Fleas are parasites and parasites seek out the weak and unhealthy.
This means if your dog is healthy, fleas will leave him alone and jump on your neighbor’s dog instead!
The most important ways to keep your dog glowing with good health is to feed him a healthy diet full of fresh whole foods and unprocessed proteins.
Good diet is the foundation of good health.
In particular, supply him with plenty of B vitamins (found in most meats, organ meats, oily fish and eggs), probiotics (such as kefir or fermented vegetables), sulphur rich foods (garlic and veggies like cabbage, broccoli, cauliflower and Brussels sprouts) as well as omega-6 fatty acids (found in foods like poultry, eggs, flaxseed and hempseed) and omega-3 fatty acids (found in oily fish like mackerel and sardines as well as flaxseed).
Does Your Dog Have Fleas?
If you suspect your dog might have fleas despite your best prevention efforts, here’s how you can find out:
Stand your dog on moistened paper towels.
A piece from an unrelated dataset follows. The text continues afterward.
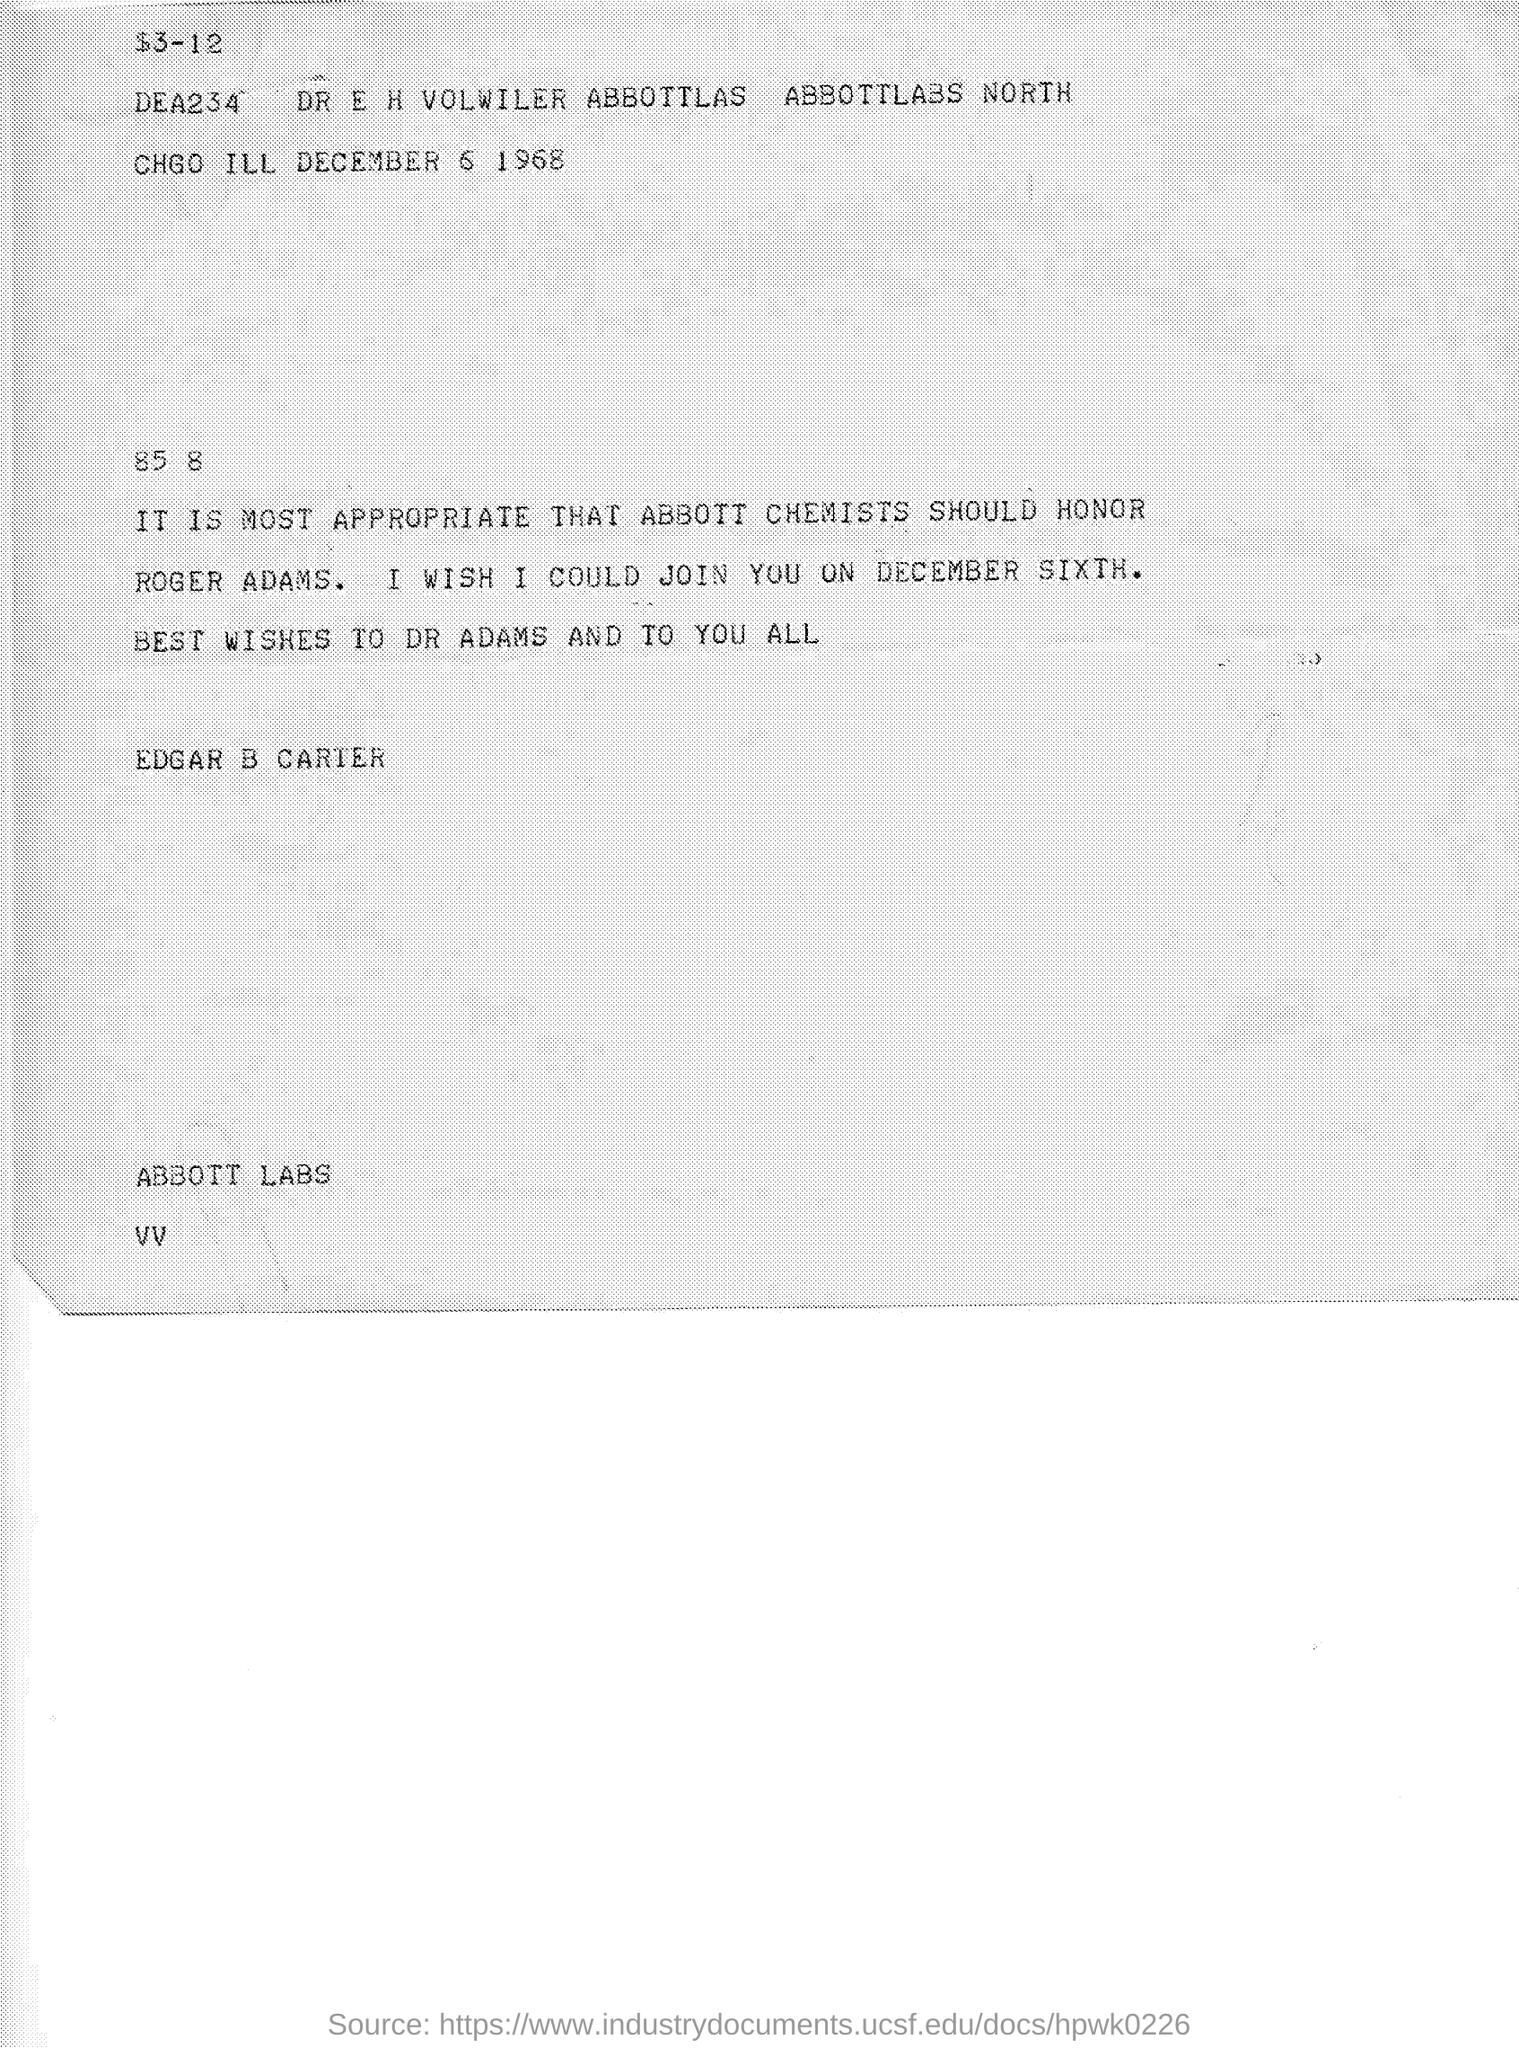List a handful of essential elements in this visual. The program will take place on December 6th. The sender is Edgar B. Carter. The document is dated December 6, 1968.

Brush him, and if little specks of dirt fall onto the towels and turn red or brown, your dog has fleas.
Treating Your Dog For Fleas
During an active flea attack, wash your dog with citrus Castile soap each week followed by a final rinse with ACV. For this rinse, use one part vinegar to ten parts water.
Use a flea comb to comb the top and underside of the tail, neck, underbelly and legs when your dog displays any signs of fleas. Keeping your dog’s coat clean with daily grooming and a flea comb is essential to natural flea prevention.
Once a week, wash all of your dog’s bedding in hot water with a natural, unscented detergent. If your dog sleeps with you, make sure you throw your own bedding in the washer once a week too.
You’ll also want to continue your regular vacuuming of carpets and floors, paying special attention to any places your dog hangs out (along with his little flea companions); and an extra diatomaceous earth carpet treatment or two can also help.
Because the flea’s entire life cycle, from eggs to larvae to pupae to adults, can be as long as several months, you’ll need to keep repeating these steps to make sure the flea infestation is completely gone.
Living the All Natural Lifestyle takes a special effort especially when it comes to your sweet pooch. With a bit of spring planning, you can be well on your way to a successful flea-free season without resorting to toxic chemicals.